Decay probably wouldn't happen: the orbit had been stable for six months already, so it wasn't one of those dangerously short-lived ones. Just let the ship sit there for a couple more years as Starfleet ponders whether it needs the hull or the scrap metal or just a practice target.
Then again, Starfleet does blow up plague ships in TNG. Kirk could have fired a torpedo when we weren't looking.

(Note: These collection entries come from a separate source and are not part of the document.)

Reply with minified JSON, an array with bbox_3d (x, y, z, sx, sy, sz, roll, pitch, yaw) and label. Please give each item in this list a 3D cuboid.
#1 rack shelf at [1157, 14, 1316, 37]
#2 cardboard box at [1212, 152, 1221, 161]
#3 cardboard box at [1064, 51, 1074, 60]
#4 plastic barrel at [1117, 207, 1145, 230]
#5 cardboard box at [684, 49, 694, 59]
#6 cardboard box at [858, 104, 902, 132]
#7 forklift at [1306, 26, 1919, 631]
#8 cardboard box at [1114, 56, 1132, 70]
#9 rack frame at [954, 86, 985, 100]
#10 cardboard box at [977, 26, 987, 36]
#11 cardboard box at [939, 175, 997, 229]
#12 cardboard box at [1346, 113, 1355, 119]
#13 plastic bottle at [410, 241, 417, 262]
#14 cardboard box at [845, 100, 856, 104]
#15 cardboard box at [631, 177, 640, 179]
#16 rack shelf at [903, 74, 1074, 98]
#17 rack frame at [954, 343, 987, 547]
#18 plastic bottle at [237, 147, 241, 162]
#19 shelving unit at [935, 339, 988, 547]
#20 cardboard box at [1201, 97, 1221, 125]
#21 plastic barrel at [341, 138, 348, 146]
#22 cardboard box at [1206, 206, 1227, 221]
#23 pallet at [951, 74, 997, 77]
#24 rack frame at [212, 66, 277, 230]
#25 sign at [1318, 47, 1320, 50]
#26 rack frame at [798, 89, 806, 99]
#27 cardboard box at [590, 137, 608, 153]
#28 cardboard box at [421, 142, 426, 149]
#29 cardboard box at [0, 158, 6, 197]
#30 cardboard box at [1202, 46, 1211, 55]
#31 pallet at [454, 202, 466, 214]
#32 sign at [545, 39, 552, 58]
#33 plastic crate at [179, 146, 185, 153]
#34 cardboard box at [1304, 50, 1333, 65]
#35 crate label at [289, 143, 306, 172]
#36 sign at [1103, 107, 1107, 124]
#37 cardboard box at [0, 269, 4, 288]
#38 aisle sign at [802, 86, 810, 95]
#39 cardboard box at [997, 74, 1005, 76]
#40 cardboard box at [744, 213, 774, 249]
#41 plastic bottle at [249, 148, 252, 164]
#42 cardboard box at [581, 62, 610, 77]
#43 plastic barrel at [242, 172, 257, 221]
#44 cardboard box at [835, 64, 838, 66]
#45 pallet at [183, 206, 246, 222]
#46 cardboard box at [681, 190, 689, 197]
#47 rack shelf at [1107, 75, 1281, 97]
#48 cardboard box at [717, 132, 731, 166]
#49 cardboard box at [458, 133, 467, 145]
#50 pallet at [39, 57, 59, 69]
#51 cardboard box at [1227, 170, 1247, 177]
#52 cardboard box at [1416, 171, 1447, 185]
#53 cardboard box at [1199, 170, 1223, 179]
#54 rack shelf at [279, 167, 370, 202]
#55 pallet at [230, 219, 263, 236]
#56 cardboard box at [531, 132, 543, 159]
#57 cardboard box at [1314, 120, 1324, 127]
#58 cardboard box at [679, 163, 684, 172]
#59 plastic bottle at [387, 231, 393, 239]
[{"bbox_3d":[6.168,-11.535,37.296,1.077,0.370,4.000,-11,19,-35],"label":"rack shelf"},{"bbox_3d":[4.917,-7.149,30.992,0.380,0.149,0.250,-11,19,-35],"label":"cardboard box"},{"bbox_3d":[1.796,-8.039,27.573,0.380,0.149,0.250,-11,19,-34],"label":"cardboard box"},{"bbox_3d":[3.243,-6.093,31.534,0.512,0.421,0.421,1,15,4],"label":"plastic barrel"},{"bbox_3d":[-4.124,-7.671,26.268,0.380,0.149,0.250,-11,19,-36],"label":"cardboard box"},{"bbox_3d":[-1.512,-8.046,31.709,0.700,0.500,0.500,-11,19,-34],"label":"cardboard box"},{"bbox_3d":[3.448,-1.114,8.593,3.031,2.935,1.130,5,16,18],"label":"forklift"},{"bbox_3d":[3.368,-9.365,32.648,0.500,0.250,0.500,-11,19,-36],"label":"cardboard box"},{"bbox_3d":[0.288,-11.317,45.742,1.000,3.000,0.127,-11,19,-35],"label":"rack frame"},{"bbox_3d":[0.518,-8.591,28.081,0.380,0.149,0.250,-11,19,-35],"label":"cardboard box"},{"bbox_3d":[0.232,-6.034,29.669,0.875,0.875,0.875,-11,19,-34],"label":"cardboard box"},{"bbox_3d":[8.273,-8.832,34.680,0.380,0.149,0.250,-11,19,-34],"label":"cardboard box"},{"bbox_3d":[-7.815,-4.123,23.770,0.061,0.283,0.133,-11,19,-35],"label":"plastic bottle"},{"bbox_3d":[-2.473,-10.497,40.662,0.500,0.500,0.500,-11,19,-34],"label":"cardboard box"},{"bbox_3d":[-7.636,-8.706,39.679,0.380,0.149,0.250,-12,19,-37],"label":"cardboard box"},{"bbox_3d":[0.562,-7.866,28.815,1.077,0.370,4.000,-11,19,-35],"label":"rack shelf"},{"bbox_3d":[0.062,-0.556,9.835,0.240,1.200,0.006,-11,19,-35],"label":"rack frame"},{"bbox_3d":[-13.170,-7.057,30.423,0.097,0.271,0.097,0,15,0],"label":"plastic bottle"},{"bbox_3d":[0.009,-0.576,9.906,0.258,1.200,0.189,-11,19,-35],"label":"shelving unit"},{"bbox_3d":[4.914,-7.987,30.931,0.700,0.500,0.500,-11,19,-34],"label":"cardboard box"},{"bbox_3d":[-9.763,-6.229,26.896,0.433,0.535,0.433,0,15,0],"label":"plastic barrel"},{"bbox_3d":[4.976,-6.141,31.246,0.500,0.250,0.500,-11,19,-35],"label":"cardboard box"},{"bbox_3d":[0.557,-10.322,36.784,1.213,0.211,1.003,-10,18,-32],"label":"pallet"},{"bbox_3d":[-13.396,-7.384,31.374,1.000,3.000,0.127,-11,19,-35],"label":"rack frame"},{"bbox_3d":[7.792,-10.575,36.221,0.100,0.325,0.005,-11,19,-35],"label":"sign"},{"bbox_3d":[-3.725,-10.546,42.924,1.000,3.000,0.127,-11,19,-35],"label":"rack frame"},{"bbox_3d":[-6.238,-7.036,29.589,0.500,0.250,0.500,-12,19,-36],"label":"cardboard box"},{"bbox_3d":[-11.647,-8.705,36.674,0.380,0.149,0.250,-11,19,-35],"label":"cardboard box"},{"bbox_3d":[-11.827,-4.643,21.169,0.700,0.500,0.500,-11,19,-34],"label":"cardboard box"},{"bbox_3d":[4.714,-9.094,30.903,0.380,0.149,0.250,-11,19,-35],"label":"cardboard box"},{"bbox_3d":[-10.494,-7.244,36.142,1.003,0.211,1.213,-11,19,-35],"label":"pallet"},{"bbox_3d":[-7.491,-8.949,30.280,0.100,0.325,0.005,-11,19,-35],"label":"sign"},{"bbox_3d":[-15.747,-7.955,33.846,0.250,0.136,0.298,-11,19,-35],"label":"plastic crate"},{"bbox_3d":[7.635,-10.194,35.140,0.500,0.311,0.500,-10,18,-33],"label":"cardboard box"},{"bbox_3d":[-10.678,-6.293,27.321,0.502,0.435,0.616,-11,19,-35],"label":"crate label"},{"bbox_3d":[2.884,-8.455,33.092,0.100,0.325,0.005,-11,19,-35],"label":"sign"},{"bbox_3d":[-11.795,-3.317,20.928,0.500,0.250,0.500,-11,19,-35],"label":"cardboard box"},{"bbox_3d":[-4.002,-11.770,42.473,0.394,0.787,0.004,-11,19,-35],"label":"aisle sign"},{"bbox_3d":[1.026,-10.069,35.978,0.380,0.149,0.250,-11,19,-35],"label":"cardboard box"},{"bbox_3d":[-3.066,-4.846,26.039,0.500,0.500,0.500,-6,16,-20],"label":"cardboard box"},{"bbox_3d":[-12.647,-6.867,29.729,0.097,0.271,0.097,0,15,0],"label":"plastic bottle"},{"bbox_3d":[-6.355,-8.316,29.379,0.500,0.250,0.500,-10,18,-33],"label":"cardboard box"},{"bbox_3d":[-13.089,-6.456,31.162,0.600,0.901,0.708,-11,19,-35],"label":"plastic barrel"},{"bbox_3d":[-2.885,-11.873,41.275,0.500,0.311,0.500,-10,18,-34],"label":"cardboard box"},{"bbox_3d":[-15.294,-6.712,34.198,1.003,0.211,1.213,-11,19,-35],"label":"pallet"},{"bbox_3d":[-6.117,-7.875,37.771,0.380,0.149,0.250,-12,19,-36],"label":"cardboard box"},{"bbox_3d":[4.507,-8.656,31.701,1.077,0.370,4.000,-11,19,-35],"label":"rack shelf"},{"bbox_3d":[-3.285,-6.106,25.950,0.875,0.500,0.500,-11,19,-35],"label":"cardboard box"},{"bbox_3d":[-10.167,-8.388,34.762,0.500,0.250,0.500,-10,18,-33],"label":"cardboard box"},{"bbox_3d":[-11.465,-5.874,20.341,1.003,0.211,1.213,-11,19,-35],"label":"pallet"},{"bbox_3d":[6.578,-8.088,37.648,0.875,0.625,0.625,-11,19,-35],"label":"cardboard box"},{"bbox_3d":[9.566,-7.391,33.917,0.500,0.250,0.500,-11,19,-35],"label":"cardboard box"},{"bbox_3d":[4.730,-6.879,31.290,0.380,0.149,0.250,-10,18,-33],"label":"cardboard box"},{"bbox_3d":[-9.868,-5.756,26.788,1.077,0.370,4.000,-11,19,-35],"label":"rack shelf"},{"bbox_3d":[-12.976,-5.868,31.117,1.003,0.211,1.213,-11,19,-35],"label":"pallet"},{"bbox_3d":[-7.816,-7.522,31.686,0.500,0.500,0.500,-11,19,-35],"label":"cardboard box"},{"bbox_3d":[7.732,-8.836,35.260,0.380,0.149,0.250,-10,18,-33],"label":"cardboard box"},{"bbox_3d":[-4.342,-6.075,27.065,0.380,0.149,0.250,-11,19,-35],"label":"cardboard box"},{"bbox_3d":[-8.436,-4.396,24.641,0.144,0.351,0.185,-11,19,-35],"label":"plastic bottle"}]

What fascinates me here is Starfleet operating practices. Two starships happen to visit this same planet for some reason, left unexplained - Kirk certainly isn't hunting for the missing
Exeter, has not heard of any trouble regarding her, and is surprised to stumble onto her here. OTOH, he does know that Tracey's ship was "patrolling in the area". Why doesn't Kirk get exact information on what another starship is doing in his current area of operations? Why does Starfleet allow its resources to be wasted by having two ships visit Omega IV wholly independently of each other? Is there a general Klingon scare going on, and Starfleet wants to randomize its raids against primitive worlds that might have fallen under the influence of Klingon agents, "Friday's Child" or "A Private Little War" style? Or does Starfleet simply launch out "The Hundred", expecting most of them to perish and a couple of them to eventually return with useful results, and thus not minding any futile "plans"?